* _How to complete this task_: Set down all of the records word for word.

* _Data to process_:
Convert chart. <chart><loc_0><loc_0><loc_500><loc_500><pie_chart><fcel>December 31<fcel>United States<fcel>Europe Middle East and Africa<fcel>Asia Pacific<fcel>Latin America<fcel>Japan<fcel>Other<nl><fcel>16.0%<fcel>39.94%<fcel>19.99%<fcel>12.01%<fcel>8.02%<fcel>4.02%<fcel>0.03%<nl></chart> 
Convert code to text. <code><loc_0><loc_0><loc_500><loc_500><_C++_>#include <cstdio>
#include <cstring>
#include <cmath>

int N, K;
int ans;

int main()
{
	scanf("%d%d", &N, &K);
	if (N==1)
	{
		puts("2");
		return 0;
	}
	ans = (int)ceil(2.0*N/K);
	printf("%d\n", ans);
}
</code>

* _Task result_:
Convert chart. <chart><loc_0><loc_0><loc_500><loc_500><pie_chart><fcel>December 31<fcel>United States<fcel>Europe Middle East and Africa<fcel>Asia Pacific<fcel>Latin America<fcel>Japan<fcel>Other<nl><fcel>16.0%<fcel>39.94%<fcel>19.99%<fcel>12.01%<fcel>8.02%<fcel>4.02%<fcel>0.03%<nl></chart> 
Convert code to text. <code><loc_0><loc_0><loc_500><loc_500><_C++_>#include <cstdio>
#include <cstring>
#include <cmath>

int N, K;
int ans;

int main()
{
	scanf("%d%d", &N, &K);
	if (N==1)
	{
		puts("2");
		return 0;
	}
	ans = (int)ceil(2.0*N/K);
	printf("%d\n", ans);
}
</code>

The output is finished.